The two couples attempting IVF currently risk losing their fertilised embryos to government custody due to a waiver they must sign before starting the IVF process, Dr Sant said. The waiver states that should the embryos be unwanted or should the biological mother be unable to carry them, including for health reasons, the embryos must be handed over to the Embryo Protection Authority (EPA) and frozen to be put up for adoption later on, he said. Currently, however, no legal framework for embryo adoption exists, said Dr Sant.

He stated that at present, the EPA holds frozen embryos from IVF couples and serves as their custodian.
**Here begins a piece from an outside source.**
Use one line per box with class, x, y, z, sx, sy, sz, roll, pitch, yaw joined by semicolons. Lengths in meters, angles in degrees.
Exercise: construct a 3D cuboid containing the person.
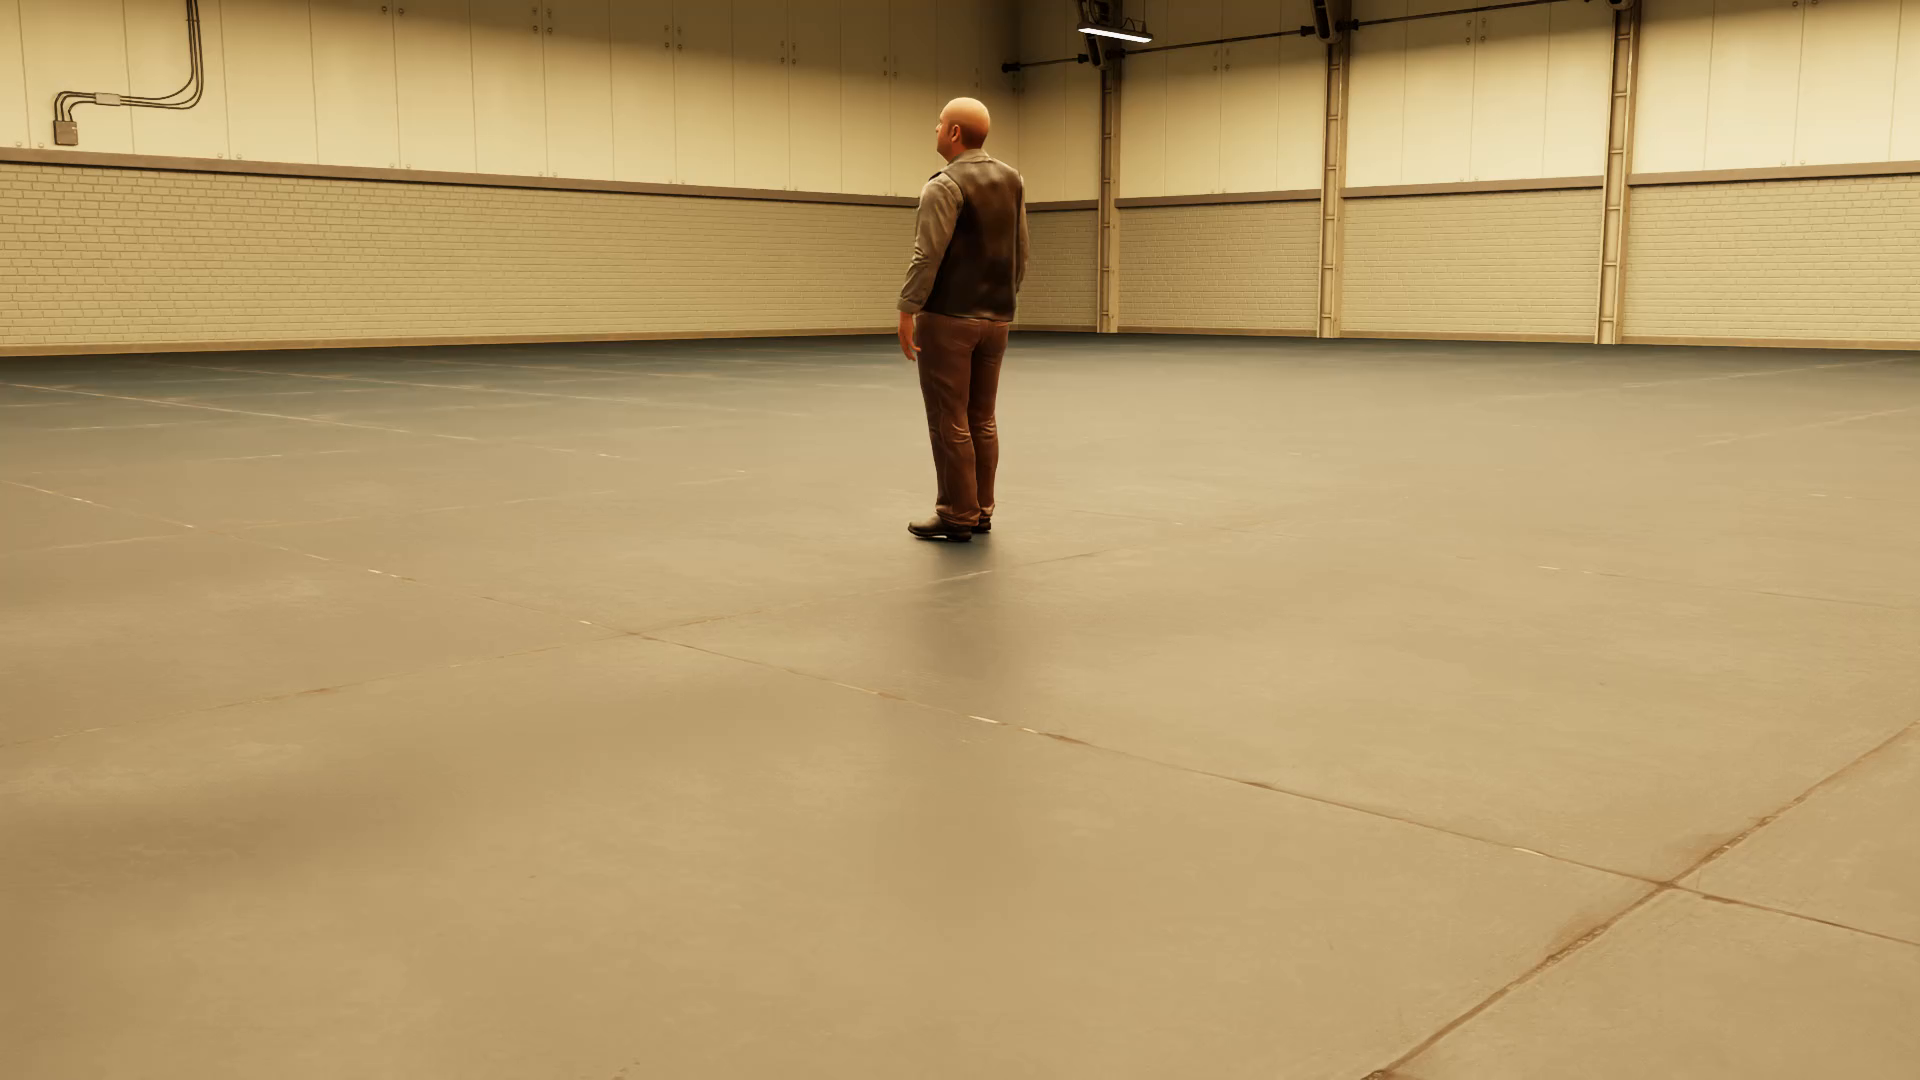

However, nothing can be done with them at the moment. He said that it is unclear whether the embryos were given up or taken by force and indicated that the EPA would have this information.

Questions sent to the EPA remained unanswered.

Dr Sant suggested that a potential improvement to the current standstill in embryo adoption could be surrogacy. Through this method, the embryo is carried by another woman but eventually reunited with its biological parents as their child. Despite this, surrogacy remains illegal, he noted.

A legal loophole does exist by which a couple may avoid this waiver by going abroad. When questioned about the loophole, he said that this goes against his basic principle that all couples, no matter their means, should have the equal opportunity to conceive.

For Dr Sant, this waiver undermines the idea of free IVF in Malta with some couples refusing to run the risk of losing their embryos on being confronted with the waiver.

Dr Sant said that the process of IVF necessarily involves the fertilisation of multiple embryos to increase the inherently low chances of success. He said that currently, at age 40, only one fourth of the embryos would be genetically normal and capable of implantation via IVF.

This is why surplus embryos may be created despite the odds against it, he said. Even so, there are only so many that can be implanted in the mother and the remainder should still remain the couple’s biological “property”, he said.

To prevent any surplus embryos and avoid the risk of them being taken away, the number of eggs utilised in IVF would be minimised to such an extent that the likelihood of fertilization would be deemed “ridiculously” low.

When asked about the places where this waiver needs to be signed, Dr Sant said it happens only in Maltese clinics and nowhere else in the world. He said that the waiver legislation came into action immediately with the introduction of IVF in Malta.

There is no bioethical reasoning behind this legislation, Dr Sant said; rather, it was brought in to satisfy pro-life voters, who objected to the introduction of IVF. He said it was a purely political motive.

Dr Sant said this waiver is well-known among medical professionals but many kept their silence for fear of being “lumped” with the pro-abortion lobby due to the potential loss of embryos.

One must keep in mind that “IVF is the last resort”, he emphasised and that couples face enough psychological distress and stigma without being, very ironically, described as being in favour of abortion despite their trying so hard to conceive.

The trauma to the two parents at the moment is totally barbaric, added Dr Sant. He said that not only do they have to deal with the shock of a life-threatening disease but also with the trauma of their biological offspring being forcibly taken away and in future given to total strangers without having a say in it.

Dr Sant said the only way forward is for someone in politics to have the courage to challenge this “ridiculous” legislation that could potentially determine the fate of embryos even before their creation.